Next we migrate the data in temp1 into a MongoDB database. We use the mongolite package to connect to MongoDB and to save each dataframe as a separate collection in MongoDB.
# initialize temp tables
temp2 <- rep(list(NA), length(tables))
# loop through each table and save into each collection
for (j in 1:length(tables)) {
# connect to collection in mongodb
temp2[[j]] <- mongo(collection = tables[j], db = "nycflights13")

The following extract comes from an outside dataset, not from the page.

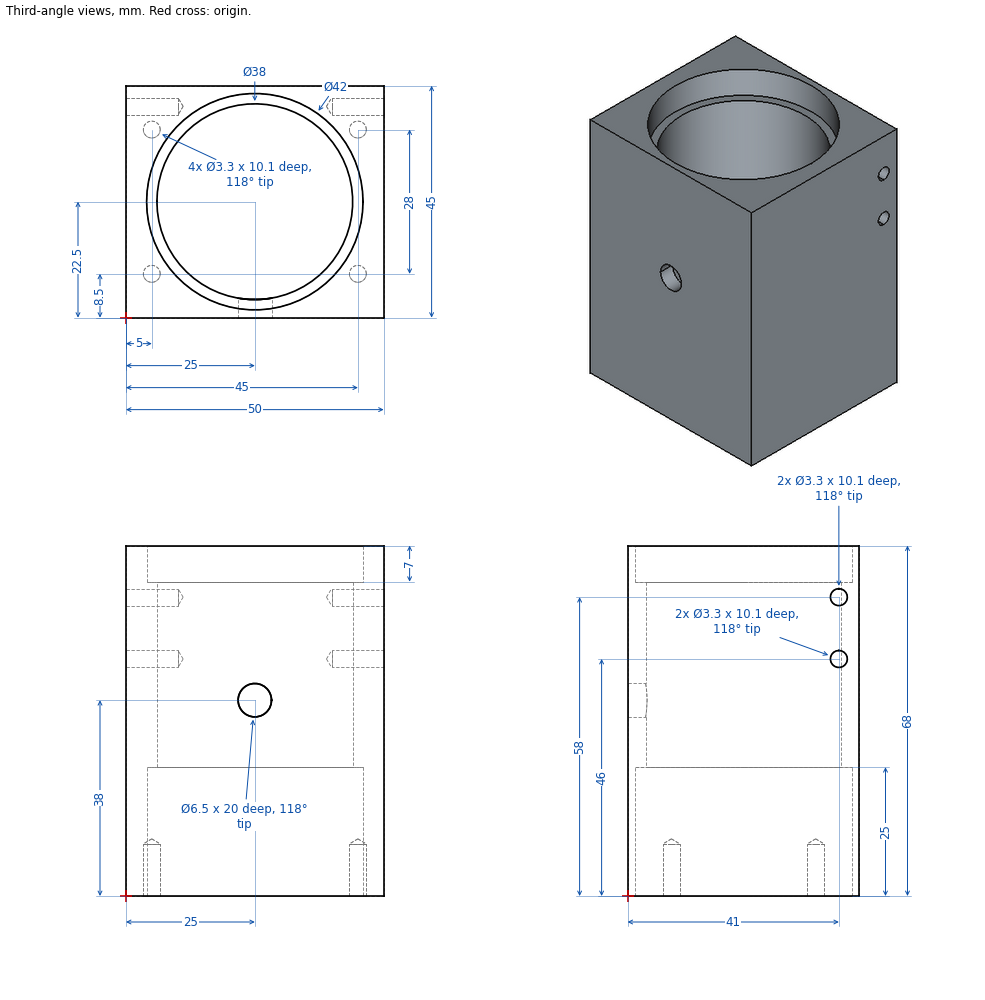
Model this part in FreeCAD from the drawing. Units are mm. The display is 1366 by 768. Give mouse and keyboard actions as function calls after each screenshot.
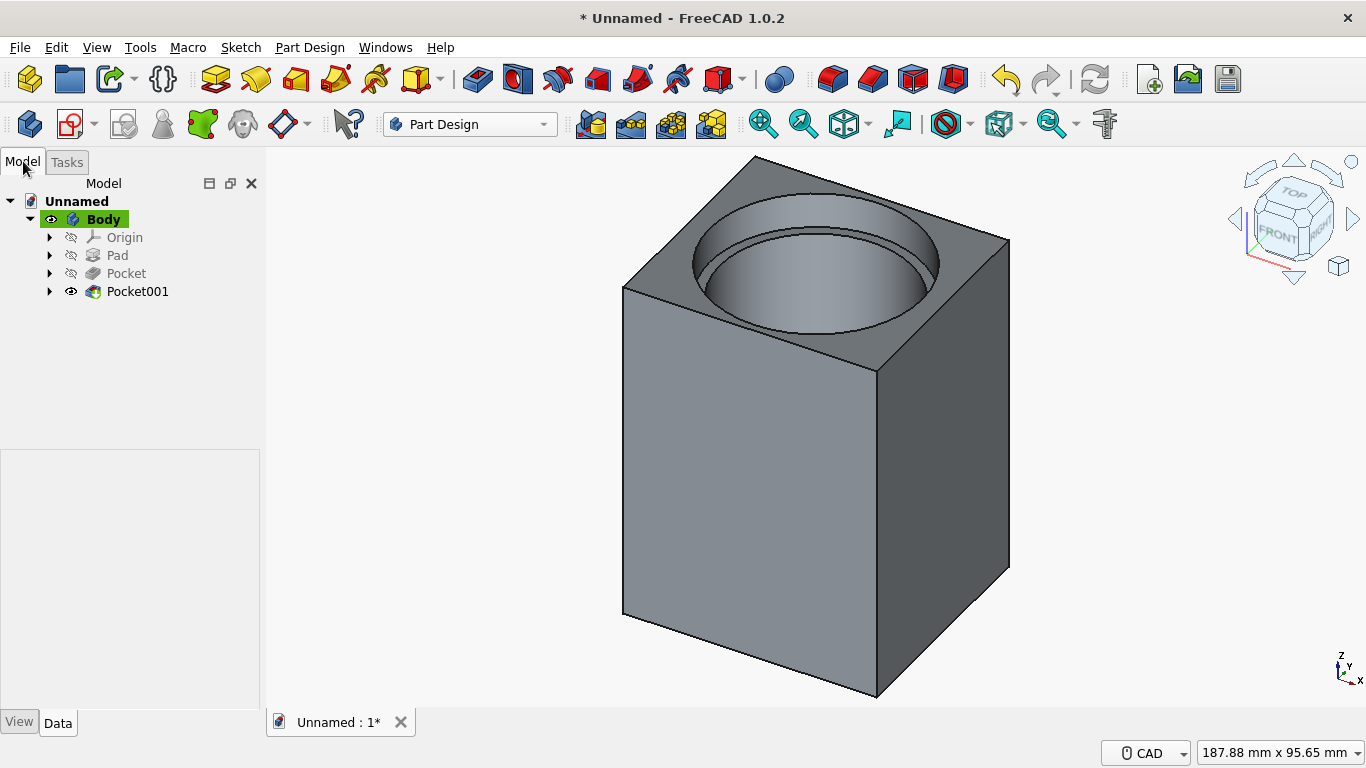
click(50, 237)

# drop collection if already exists
if (temp2[[j]]$count() > 0) {
temp2[[j]]$drop()
}
# insert data
temp2[[j]]$insert(temp1[[j]])
# stop if row counts are not identical
stopifnot(temp2[[j]]$count() == nrow(temp1[[j]]))
}
Finally we confirm that all the data loaded correctly into MongoDB, by first inspecting the collections and then checking that they are identical to the original MySQL tables. Let’s inspect the data in each collection.

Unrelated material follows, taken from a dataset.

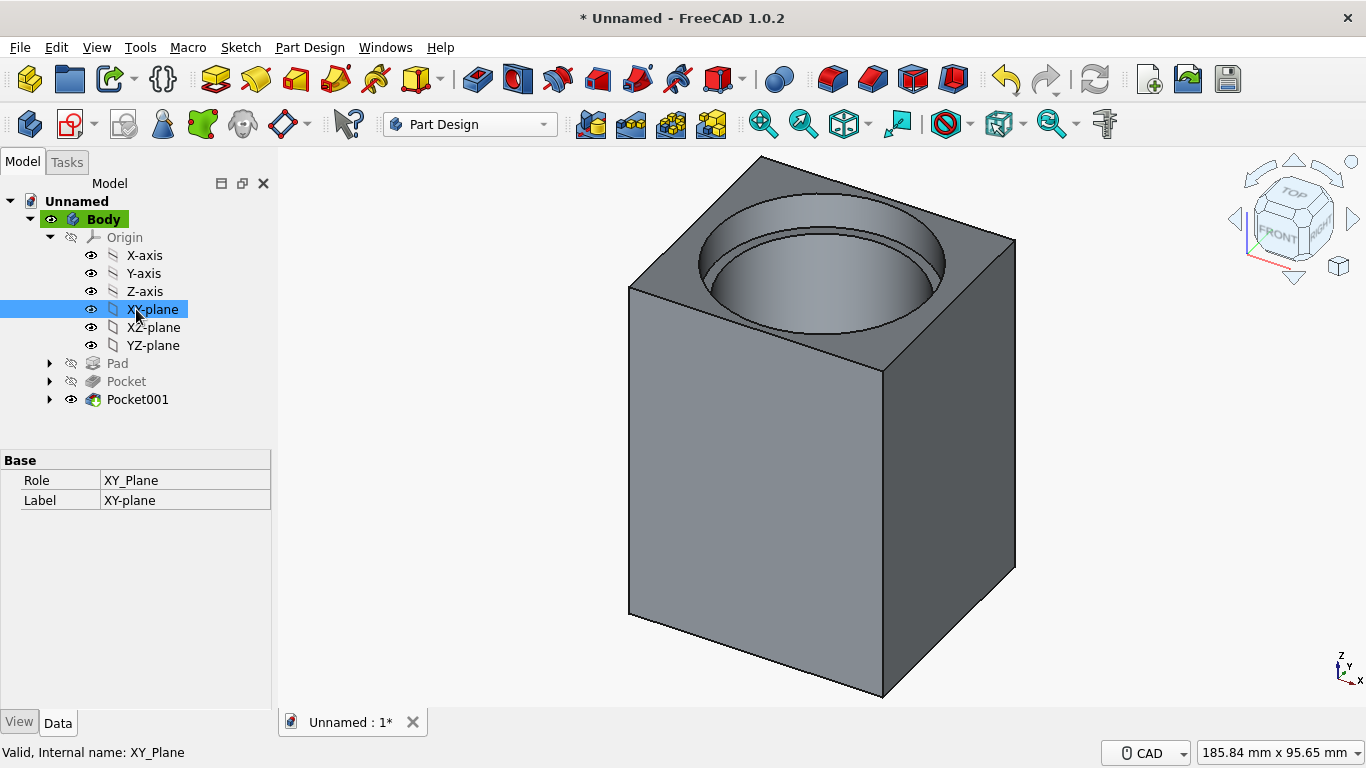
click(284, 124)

# get the mongo collections
airlines <- mongo(collection = "airlines", db = "nycflights13")
airports <- mongo(collection = "airports", db = "nycflights13")
flights <- mongo(collection = "flights", db = "nycflights13")
planes <- mongo(collection = "planes", db = "nycflights13")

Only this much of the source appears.